When you reproduce the data, keep every word exactly as it stands and leave the pictures out.
· · · · · · ·
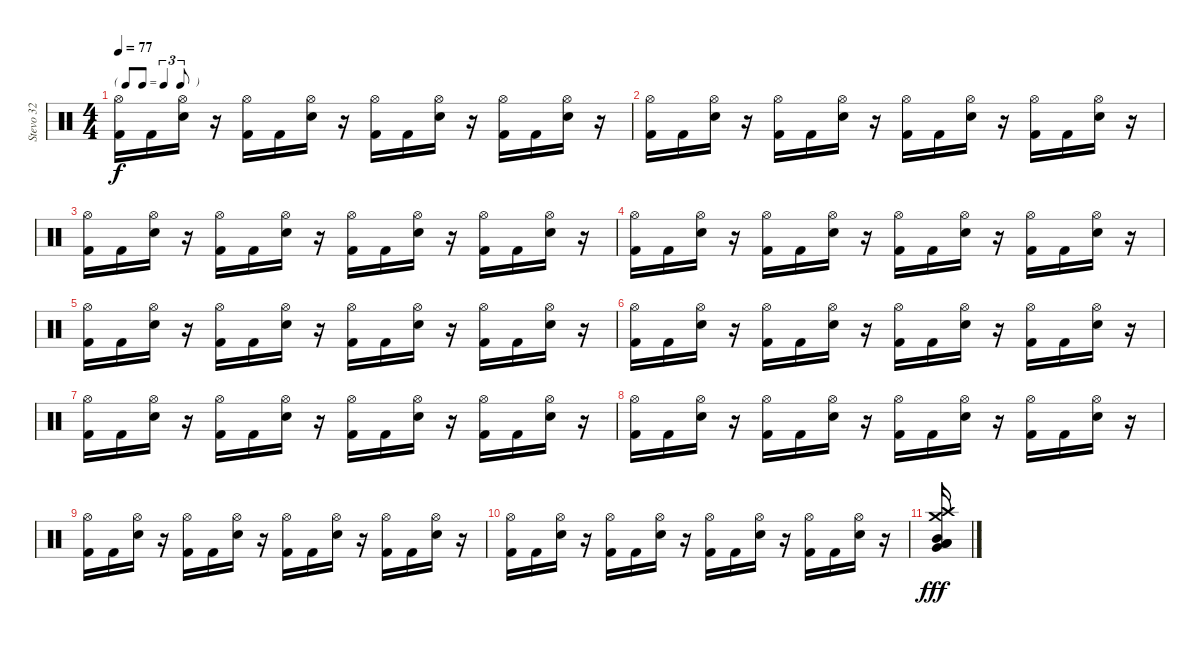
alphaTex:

\track ("Stevo 32" "Stevo 32") {instrument percussion}
\staff {score}
\articulation defaults
\ts (4 4)
\tf triplet8th
\tempo 77
\clef neutral
\ks c
("Hi-Hat (open)" "Kick (hit) 2").16{dy f} "Kick (hit) 2".16 ("Hi-Hat (open)" "Electric Snare (hit)").16 r.16 ("Hi-Hat (open)" "Kick (hit) 2").16 "Kick (hit) 2".16 ("Hi-Hat (open)" "Electric Snare (hit)").16 r.16 ("Hi-Hat (open)" "Kick (hit) 2").16 "Kick (hit) 2".16 ("Hi-Hat (open)" "Electric Snare (hit)").16 r.16 ("Hi-Hat (open)" "Kick (hit) 2").16 "Kick (hit) 2".16 ("Hi-Hat (open)" "Electric Snare (hit)").16 r.16 |
("Hi-Hat (open)" "Kick (hit) 2").16 "Kick (hit) 2".16 ("Hi-Hat (open)" "Electric Snare (hit)").16 r.16 ("Hi-Hat (open)" "Kick (hit) 2").16 "Kick (hit) 2".16 ("Hi-Hat (open)" "Electric Snare (hit)").16 r.16 ("Hi-Hat (open)" "Kick (hit) 2").16 "Kick (hit) 2".16 ("Hi-Hat (open)" "Electric Snare (hit)").16 r.16 ("Hi-Hat (open)" "Kick (hit) 2").16 "Kick (hit) 2".16 ("Hi-Hat (open)" "Electric Snare (hit)").16 r.16 |
("Hi-Hat (open)" "Kick (hit) 2").16 "Kick (hit) 2".16 ("Hi-Hat (open)" "Electric Snare (hit)").16 r.16 ("Hi-Hat (open)" "Kick (hit) 2").16 "Kick (hit) 2".16 ("Hi-Hat (open)" "Electric Snare (hit)").16 r.16 ("Hi-Hat (open)" "Kick (hit) 2").16 "Kick (hit) 2".16 ("Hi-Hat (open)" "Electric Snare (hit)").16 r.16 ("Hi-Hat (open)" "Kick (hit) 2").16 "Kick (hit) 2".16 ("Hi-Hat (open)" "Electric Snare (hit)").16 r.16 |
("Hi-Hat (open)" "Kick (hit) 2").16 "Kick (hit) 2".16 ("Hi-Hat (open)" "Electric Snare (hit)").16 r.16 ("Hi-Hat (open)" "Kick (hit) 2").16 "Kick (hit) 2".16 ("Hi-Hat (open)" "Electric Snare (hit)").16 r.16 ("Hi-Hat (open)" "Kick (hit) 2").16 "Kick (hit) 2".16 ("Hi-Hat (open)" "Electric Snare (hit)").16 r.16 ("Hi-Hat (open)" "Kick (hit) 2").16 "Kick (hit) 2".16 ("Hi-Hat (open)" "Electric Snare (hit)").16 r.16 |
("Hi-Hat (open)" "Kick (hit) 2").16 "Kick (hit) 2".16 ("Hi-Hat (open)" "Electric Snare (hit)").16 r.16 ("Hi-Hat (open)" "Kick (hit) 2").16 "Kick (hit) 2".16 ("Hi-Hat (open)" "Electric Snare (hit)").16 r.16 ("Hi-Hat (open)" "Kick (hit) 2").16 "Kick (hit) 2".16 ("Hi-Hat (open)" "Electric Snare (hit)").16 r.16 ("Hi-Hat (open)" "Kick (hit) 2").16 "Kick (hit) 2".16 ("Hi-Hat (open)" "Electric Snare (hit)").16 r.16 |
("Hi-Hat (open)" "Kick (hit) 2").16 "Kick (hit) 2".16 ("Hi-Hat (open)" "Electric Snare (hit)").16 r.16 ("Hi-Hat (open)" "Kick (hit) 2").16 "Kick (hit) 2".16 ("Hi-Hat (open)" "Electric Snare (hit)").16 r.16 ("Hi-Hat (open)" "Kick (hit) 2").16 "Kick (hit) 2".16 ("Hi-Hat (open)" "Electric Snare (hit)").16 r.16 ("Hi-Hat (open)" "Kick (hit) 2").16 "Kick (hit) 2".16 ("Hi-Hat (open)" "Electric Snare (hit)").16 r.16 |
("Hi-Hat (open)" "Kick (hit) 2").16 "Kick (hit) 2".16 ("Hi-Hat (open)" "Electric Snare (hit)").16 r.16 ("Hi-Hat (open)" "Kick (hit) 2").16 "Kick (hit) 2".16 ("Hi-Hat (open)" "Electric Snare (hit)").16 r.16 ("Hi-Hat (open)" "Kick (hit) 2").16 "Kick (hit) 2".16 ("Hi-Hat (open)" "Electric Snare (hit)").16 r.16 ("Hi-Hat (open)" "Kick (hit) 2").16 "Kick (hit) 2".16 ("Hi-Hat (open)" "Electric Snare (hit)").16 r.16 |
("Hi-Hat (open)" "Kick (hit) 2").16 "Kick (hit) 2".16 ("Hi-Hat (open)" "Electric Snare (hit)").16 r.16 ("Hi-Hat (open)" "Kick (hit) 2").16 "Kick (hit) 2".16 ("Hi-Hat (open)" "Electric Snare (hit)").16 r.16 ("Hi-Hat (open)" "Kick (hit) 2").16 "Kick (hit) 2".16 ("Hi-Hat (open)" "Electric Snare (hit)").16 r.16 ("Hi-Hat (open)" "Kick (hit) 2").16 "Kick (hit) 2".16 ("Hi-Hat (open)" "Electric Snare (hit)").16 r.16 |
("Hi-Hat (open)" "Kick (hit) 2").16 "Kick (hit) 2".16 ("Hi-Hat (open)" "Electric Snare (hit)").16 r.16 ("Hi-Hat (open)" "Kick (hit) 2").16 "Kick (hit) 2".16 ("Hi-Hat (open)" "Electric Snare (hit)").16 r.16 ("Hi-Hat (open)" "Kick (hit) 2").16 "Kick (hit) 2".16 ("Hi-Hat (open)" "Electric Snare (hit)").16 r.16 ("Hi-Hat (open)" "Kick (hit) 2").16 "Kick (hit) 2".16 ("Hi-Hat (open)" "Electric Snare (hit)").16 r.16 |
("Hi-Hat (open)" "Kick (hit) 2").16 "Kick (hit) 2".16 ("Hi-Hat (open)" "Electric Snare (hit)").16 r.16 ("Hi-Hat (open)" "Kick (hit) 2").16 "Kick (hit) 2".16 ("Hi-Hat (open)" "Electric Snare (hit)").16 r.16 ("Hi-Hat (open)" "Kick (hit) 2").16 "Kick (hit) 2".16 ("Hi-Hat (open)" "Electric Snare (hit)").16 r.16 ("Hi-Hat (open)" "Kick (hit) 2").16 "Kick (hit) 2".16 ("Hi-Hat (open)" "Electric Snare (hit)").16 r.16 |
("Low Tom (hit)" "Mid Tom (hit)" "Crash high (hit)" "Crash medium (hit)" "Very Low Tom (hit)" "Low Floor Tom (hit)").16{dy fff}
· · · · · · ·
**EXERCISE RESPONSE:**
alphaTex:

\track ("Stevo 32" "Stevo 32") {instrument percussion}
\staff {score}
\articulation defaults
\ts (4 4)
\tf triplet8th
\tempo 77
\clef neutral
\ks c
("Hi-Hat (open)" "Kick (hit) 2").16{dy f} "Kick (hit) 2".16 ("Hi-Hat (open)" "Electric Snare (hit)").16 r.16 ("Hi-Hat (open)" "Kick (hit) 2").16 "Kick (hit) 2".16 ("Hi-Hat (open)" "Electric Snare (hit)").16 r.16 ("Hi-Hat (open)" "Kick (hit) 2").16 "Kick (hit) 2".16 ("Hi-Hat (open)" "Electric Snare (hit)").16 r.16 ("Hi-Hat (open)" "Kick (hit) 2").16 "Kick (hit) 2".16 ("Hi-Hat (open)" "Electric Snare (hit)").16 r.16 |
("Hi-Hat (open)" "Kick (hit) 2").16 "Kick (hit) 2".16 ("Hi-Hat (open)" "Electric Snare (hit)").16 r.16 ("Hi-Hat (open)" "Kick (hit) 2").16 "Kick (hit) 2".16 ("Hi-Hat (open)" "Electric Snare (hit)").16 r.16 ("Hi-Hat (open)" "Kick (hit) 2").16 "Kick (hit) 2".16 ("Hi-Hat (open)" "Electric Snare (hit)").16 r.16 ("Hi-Hat (open)" "Kick (hit) 2").16 "Kick (hit) 2".16 ("Hi-Hat (open)" "Electric Snare (hit)").16 r.16 |
("Hi-Hat (open)" "Kick (hit) 2").16 "Kick (hit) 2".16 ("Hi-Hat (open)" "Electric Snare (hit)").16 r.16 ("Hi-Hat (open)" "Kick (hit) 2").16 "Kick (hit) 2".16 ("Hi-Hat (open)" "Electric Snare (hit)").16 r.16 ("Hi-Hat (open)" "Kick (hit) 2").16 "Kick (hit) 2".16 ("Hi-Hat (open)" "Electric Snare (hit)").16 r.16 ("Hi-Hat (open)" "Kick (hit) 2").16 "Kick (hit) 2".16 ("Hi-Hat (open)" "Electric Snare (hit)").16 r.16 |
("Hi-Hat (open)" "Kick (hit) 2").16 "Kick (hit) 2".16 ("Hi-Hat (open)" "Electric Snare (hit)").16 r.16 ("Hi-Hat (open)" "Kick (hit) 2").16 "Kick (hit) 2".16 ("Hi-Hat (open)" "Electric Snare (hit)").16 r.16 ("Hi-Hat (open)" "Kick (hit) 2").16 "Kick (hit) 2".16 ("Hi-Hat (open)" "Electric Snare (hit)").16 r.16 ("Hi-Hat (open)" "Kick (hit) 2").16 "Kick (hit) 2".16 ("Hi-Hat (open)" "Electric Snare (hit)").16 r.16 |
("Hi-Hat (open)" "Kick (hit) 2").16 "Kick (hit) 2".16 ("Hi-Hat (open)" "Electric Snare (hit)").16 r.16 ("Hi-Hat (open)" "Kick (hit) 2").16 "Kick (hit) 2".16 ("Hi-Hat (open)" "Electric Snare (hit)").16 r.16 ("Hi-Hat (open)" "Kick (hit) 2").16 "Kick (hit) 2".16 ("Hi-Hat (open)" "Electric Snare (hit)").16 r.16 ("Hi-Hat (open)" "Kick (hit) 2").16 "Kick (hit) 2".16 ("Hi-Hat (open)" "Electric Snare (hit)").16 r.16 |
("Hi-Hat (open)" "Kick (hit) 2").16 "Kick (hit) 2".16 ("Hi-Hat (open)" "Electric Snare (hit)").16 r.16 ("Hi-Hat (open)" "Kick (hit) 2").16 "Kick (hit) 2".16 ("Hi-Hat (open)" "Electric Snare (hit)").16 r.16 ("Hi-Hat (open)" "Kick (hit) 2").16 "Kick (hit) 2".16 ("Hi-Hat (open)" "Electric Snare (hit)").16 r.16 ("Hi-Hat (open)" "Kick (hit) 2").16 "Kick (hit) 2".16 ("Hi-Hat (open)" "Electric Snare (hit)").16 r.16 |
("Hi-Hat (open)" "Kick (hit) 2").16 "Kick (hit) 2".16 ("Hi-Hat (open)" "Electric Snare (hit)").16 r.16 ("Hi-Hat (open)" "Kick (hit) 2").16 "Kick (hit) 2".16 ("Hi-Hat (open)" "Electric Snare (hit)").16 r.16 ("Hi-Hat (open)" "Kick (hit) 2").16 "Kick (hit) 2".16 ("Hi-Hat (open)" "Electric Snare (hit)").16 r.16 ("Hi-Hat (open)" "Kick (hit) 2").16 "Kick (hit) 2".16 ("Hi-Hat (open)" "Electric Snare (hit)").16 r.16 |
("Hi-Hat (open)" "Kick (hit) 2").16 "Kick (hit) 2".16 ("Hi-Hat (open)" "Electric Snare (hit)").16 r.16 ("Hi-Hat (open)" "Kick (hit) 2").16 "Kick (hit) 2".16 ("Hi-Hat (open)" "Electric Snare (hit)").16 r.16 ("Hi-Hat (open)" "Kick (hit) 2").16 "Kick (hit) 2".16 ("Hi-Hat (open)" "Electric Snare (hit)").16 r.16 ("Hi-Hat (open)" "Kick (hit) 2").16 "Kick (hit) 2".16 ("Hi-Hat (open)" "Electric Snare (hit)").16 r.16 |
("Hi-Hat (open)" "Kick (hit) 2").16 "Kick (hit) 2".16 ("Hi-Hat (open)" "Electric Snare (hit)").16 r.16 ("Hi-Hat (open)" "Kick (hit) 2").16 "Kick (hit) 2".16 ("Hi-Hat (open)" "Electric Snare (hit)").16 r.16 ("Hi-Hat (open)" "Kick (hit) 2").16 "Kick (hit) 2".16 ("Hi-Hat (open)" "Electric Snare (hit)").16 r.16 ("Hi-Hat (open)" "Kick (hit) 2").16 "Kick (hit) 2".16 ("Hi-Hat (open)" "Electric Snare (hit)").16 r.16 |
("Hi-Hat (open)" "Kick (hit) 2").16 "Kick (hit) 2".16 ("Hi-Hat (open)" "Electric Snare (hit)").16 r.16 ("Hi-Hat (open)" "Kick (hit) 2").16 "Kick (hit) 2".16 ("Hi-Hat (open)" "Electric Snare (hit)").16 r.16 ("Hi-Hat (open)" "Kick (hit) 2").16 "Kick (hit) 2".16 ("Hi-Hat (open)" "Electric Snare (hit)").16 r.16 ("Hi-Hat (open)" "Kick (hit) 2").16 "Kick (hit) 2".16 ("Hi-Hat (open)" "Electric Snare (hit)").16 r.16 |
("Low Tom (hit)" "Mid Tom (hit)" "Crash high (hit)" "Crash medium (hit)" "Very Low Tom (hit)" "Low Floor Tom (hit)").16{dy fff}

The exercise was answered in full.